The production of ATP is critically important for survival and so its manufacturing of ATP is inherently dynamic and adaptable. The body will take whatever it is fed and turn it into energy using whichever pathway is available. So even when we feed ourselves garbage food, the body will do its best to manufacture some quantity of energy. The body does, however, have preferences. Importantly, different types of cells favor specific fuel types or pathways.

Skeletal muscles, for example, use fatty acids shuttled through the mitochondria for fuel when at rest but switch over to glucose, creatine, or lactate via glycolysis as exercise intensity and/or duration increase. Creatine, synthesized in the liver from glycine (and taken as a popular supplement in the athletic community), is part of a system that effectively recycles ATP in skeletal muscle during intense bouts of exercise. Lactate, originally believed to be a waste product, is actually an important fuel source. The ability to repurpose lactate, and metabolize it into ATP, whether via glycolytic pathways or via derivatives that will enter the mitochondria, is a major determining factor in forestalling fatigue for athletes and non-athletes alike.

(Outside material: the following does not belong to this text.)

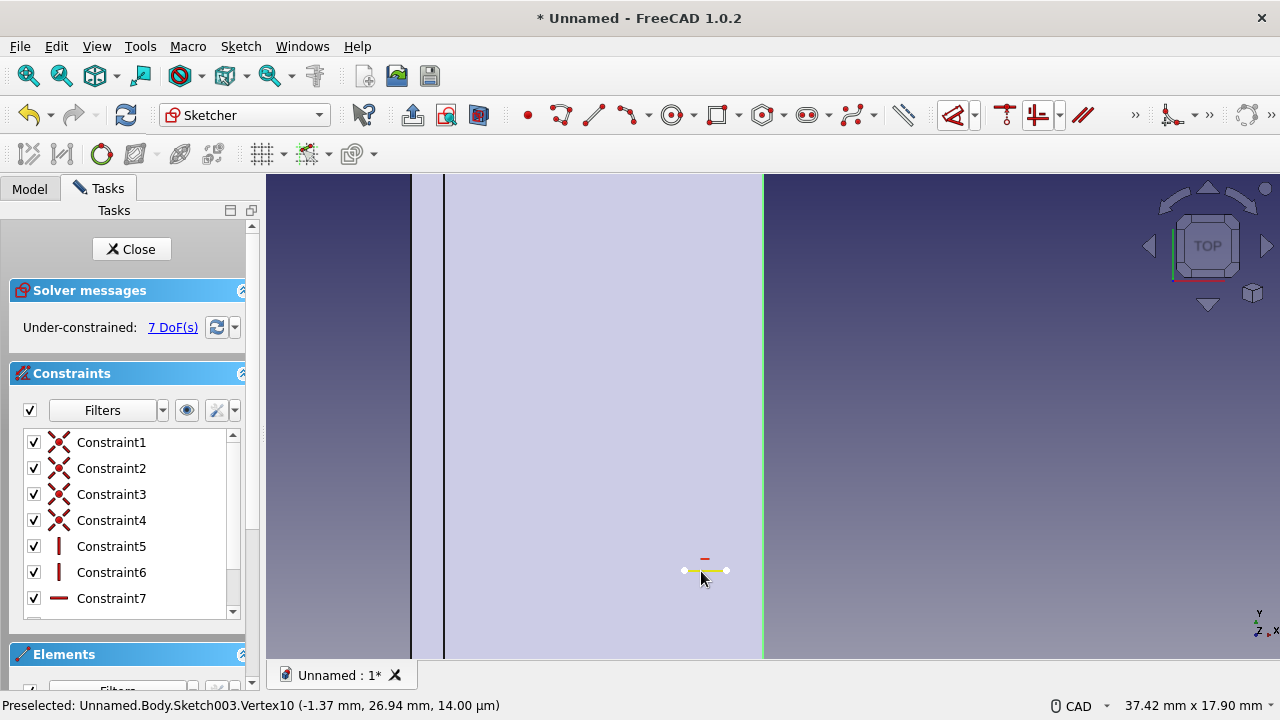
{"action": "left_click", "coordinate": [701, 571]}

You might be thinking, if glycolysis produces less energy per unit of glucose, why would the body choose to use it? Two reasons. The first is speed. Sometimes the energy is needed more quickly than can be provided by the mitochondria. So the body trades some capacity for speed. This occurs in fast-growing cells like the immune cells that need to replicate quickly during an infection. Similarly, high-energy situations like intense and quick bouts of exertion favor glycolysis. These are normal and adaptive. Secondly, glycolysis and its sister pathway, the PPP, also provide important components for cell building. If that is what is required, those are the pathways that will be used.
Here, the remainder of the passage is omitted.